*EXERCISE*:
Look below for the line containing "Task: 3D box"; from there, print each line exactly up to and including the line containing "Use a YAML list", and stop.

*WORKING DATA*:
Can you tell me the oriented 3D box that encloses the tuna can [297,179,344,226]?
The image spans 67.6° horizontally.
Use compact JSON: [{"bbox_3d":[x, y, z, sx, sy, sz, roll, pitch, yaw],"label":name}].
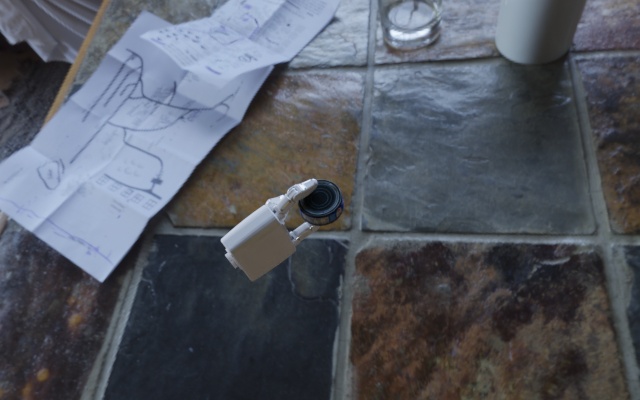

--

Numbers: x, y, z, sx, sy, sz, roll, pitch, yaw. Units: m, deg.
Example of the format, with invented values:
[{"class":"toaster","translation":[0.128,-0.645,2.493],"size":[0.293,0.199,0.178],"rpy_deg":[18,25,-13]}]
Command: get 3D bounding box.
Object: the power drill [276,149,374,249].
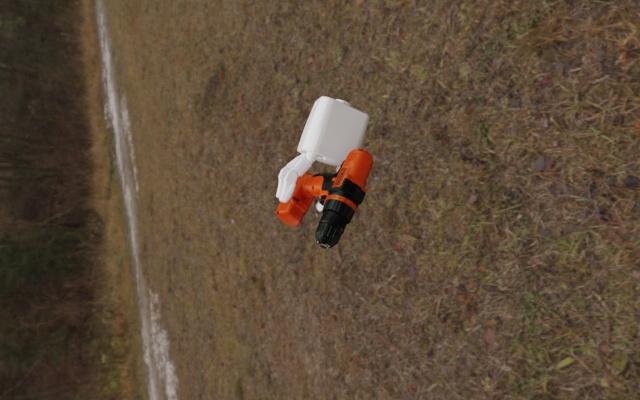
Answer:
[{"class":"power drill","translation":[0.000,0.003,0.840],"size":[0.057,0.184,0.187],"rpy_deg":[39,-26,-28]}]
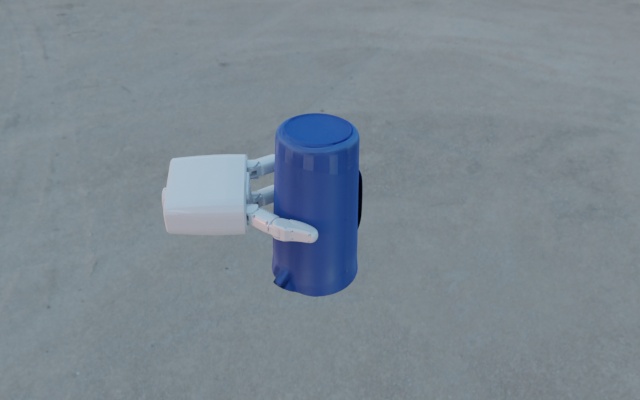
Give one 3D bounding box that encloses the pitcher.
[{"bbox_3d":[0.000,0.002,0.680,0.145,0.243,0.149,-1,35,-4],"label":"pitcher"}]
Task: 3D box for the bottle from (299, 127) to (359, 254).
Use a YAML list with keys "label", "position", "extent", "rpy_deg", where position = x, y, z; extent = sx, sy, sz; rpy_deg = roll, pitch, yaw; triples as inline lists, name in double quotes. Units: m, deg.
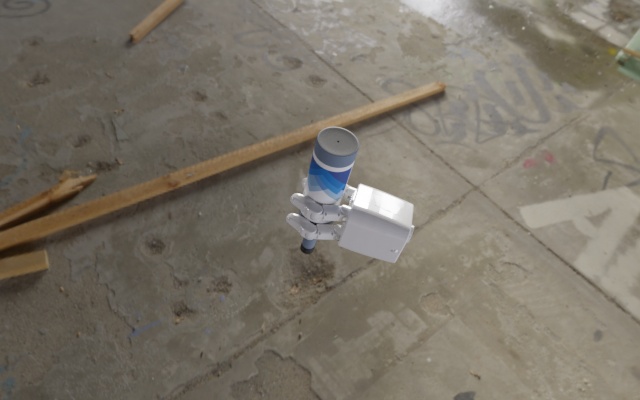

*SOLUTION TO THE EXERCISE*:
Task: 3D box for the bottle from (299, 127) to (359, 254).
Use a YAML list with keys "label", "position", "extent", "rpy_deg", where position = x, y, z; extent = sx, sy, sz; rpy_deg = roll, pitch, yaw; triples as inline lists, name in double quotes. Units: m, deg.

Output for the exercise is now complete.